La alternativa planteada por los movimientos sociales que representan las demandas de la educación, constituye hoy un hecho fundamental y trascendente dentro los ciclos políticos de afirmación de la autonomía, el desarrollo y la libertad de pueblos y comunidades. Es en ese sentido que, países como Colombia, Perú, Brasil y particularmente Chile, han puesto sus demandas en las agendas de los gobiernos de turno, implicando más de alguna incertidumbre en los Jefes de Estado del momento.

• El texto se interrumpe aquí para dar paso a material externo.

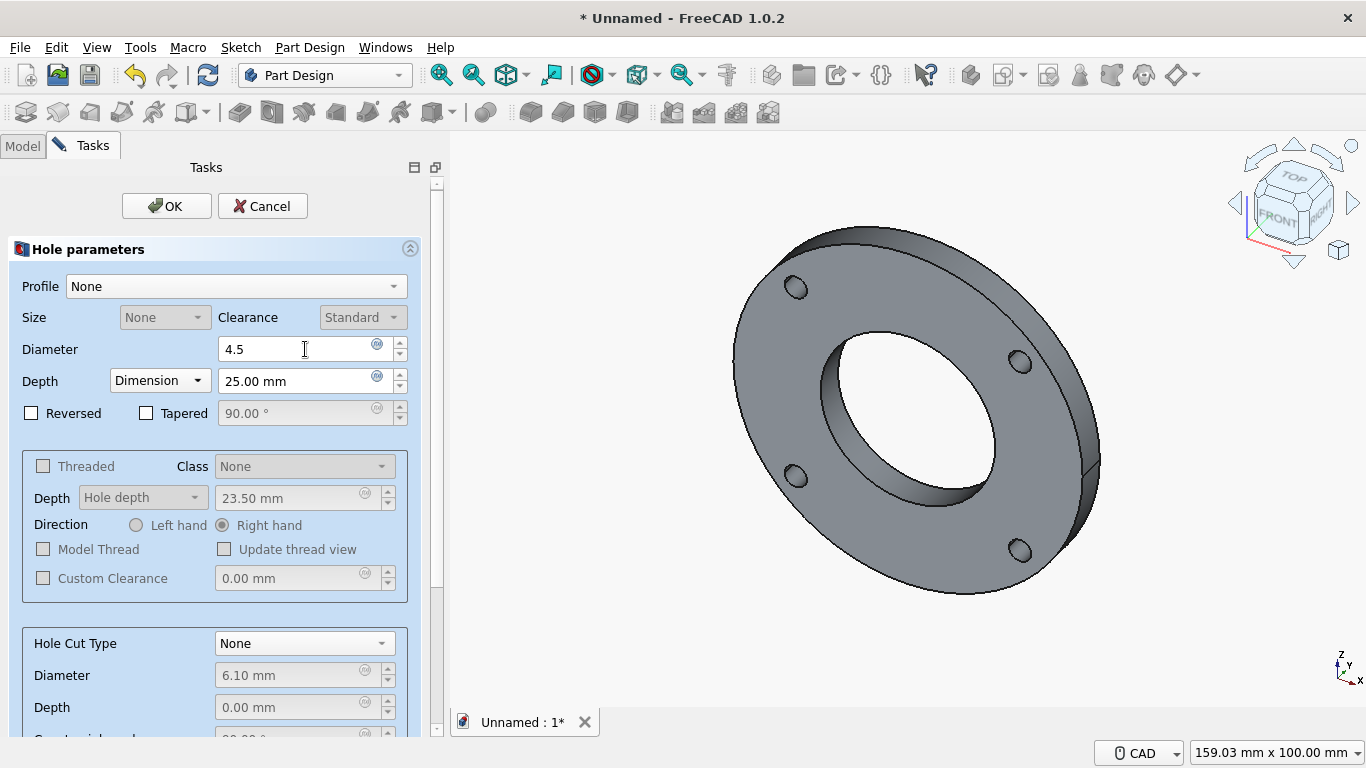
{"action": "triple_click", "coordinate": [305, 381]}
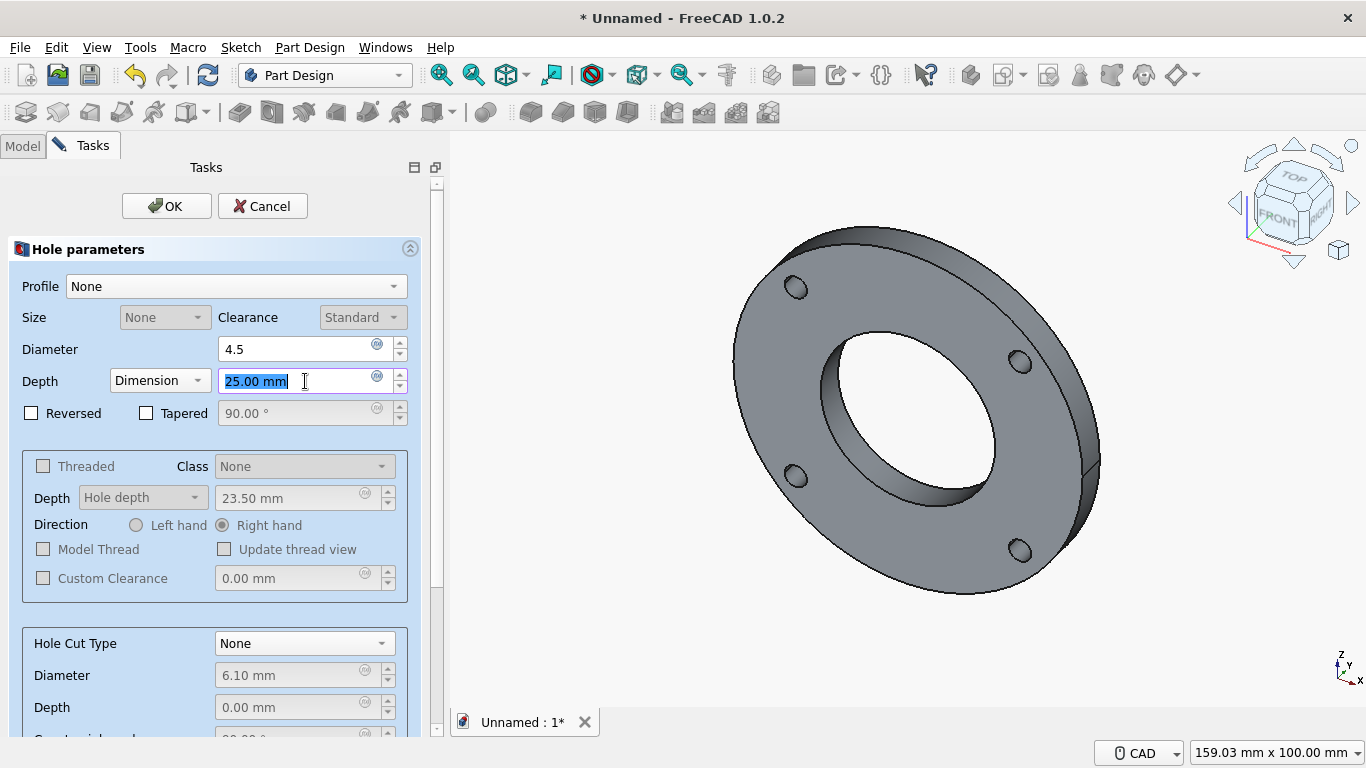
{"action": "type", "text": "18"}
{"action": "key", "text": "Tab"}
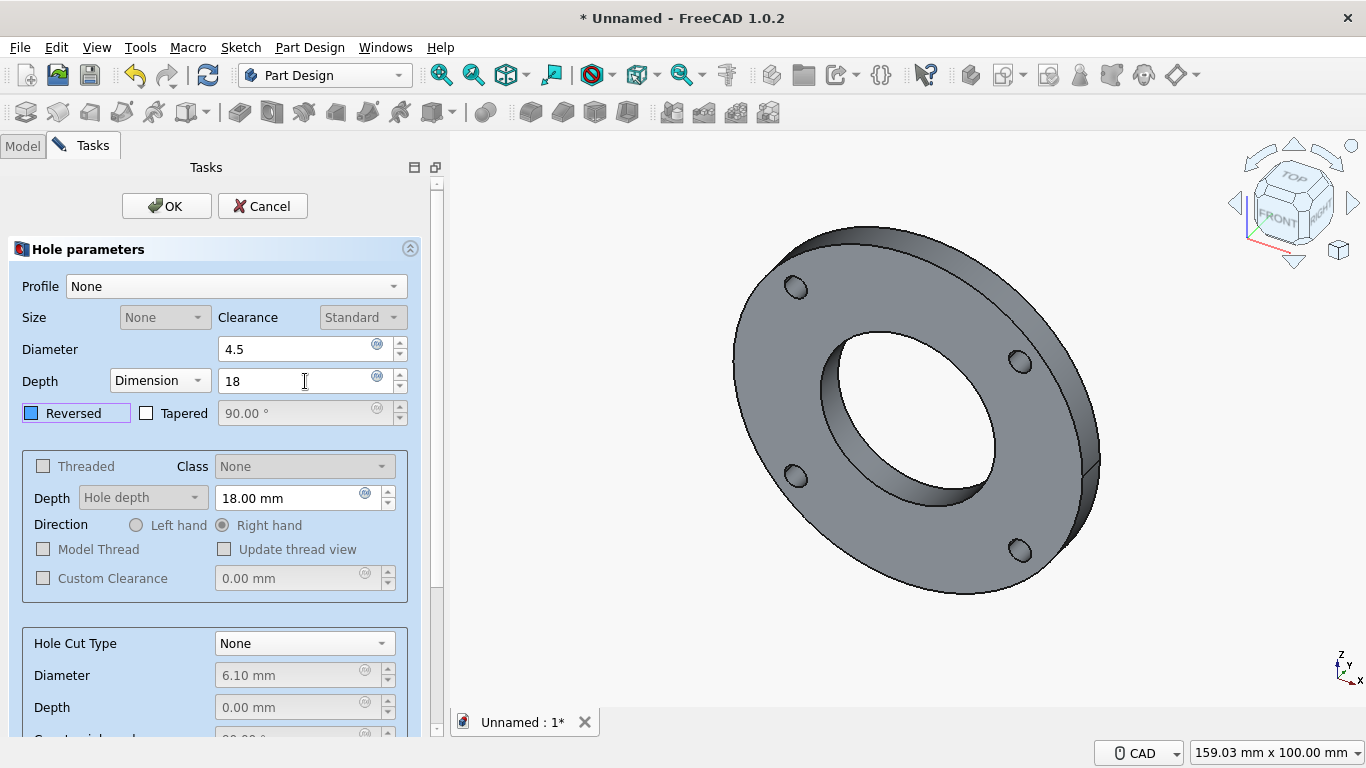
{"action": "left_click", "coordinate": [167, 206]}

En este contexto los movimientos sociales y populares que se han visto en las múltiples manifestaciones por la educación, han instaurado un discurso y un debate sobre la calidad de esta, donde los países que han llevado a la discusión esta causa, han cuestionado el sistema operativo de algunas instituciones y el lucro del sistema educativo en sus respectivos países, abriendo una vez más la interrogante sobre si el modelo económico que rige a nuestra región desde hace más de tres décadas es conveniente, inclusivo y equitativo, principalmente con una de las herramientas fundamentales para toda sociedad en la búsqueda de su bienestar social, como lo es la educación.

La singularidad de estos movimientos se observan en la capacidad de aglutinar transversalmente personas de toda índole socio-económica, configurando que el tema de la educación pasa a ser un asunto de Estado, según las apreciaciones que haya en cada país en cuestión. Educación de calidad, fin al lucro, reformas sustantivas al modelo educativo imperante, evaluación a los sistemas de gestión y modernización de estructuras arcaicas de formación, son algunas de las demandas que más se repiten en los millones de “Indignados Latinoamericanos” que luchan por una causa justa, equitativa y social.

Es de suma importancia que exista una conciencia y un razonamiento por parte de las autoridades y de las estructuras de poder en cada uno de los países, debido a que la insatisfacción y carencia de solución a necesidades de la sociedad, harán que exista un efecto progresivo de estas manifestaciones sociales, dejando en evidencia que la forma con que los modelos políticos, sociales y económicos que conducen los caminos de los países latinoamericanos, no son lo suficientemente óptimos para alcanzar el bien común de una sociedad en descontento.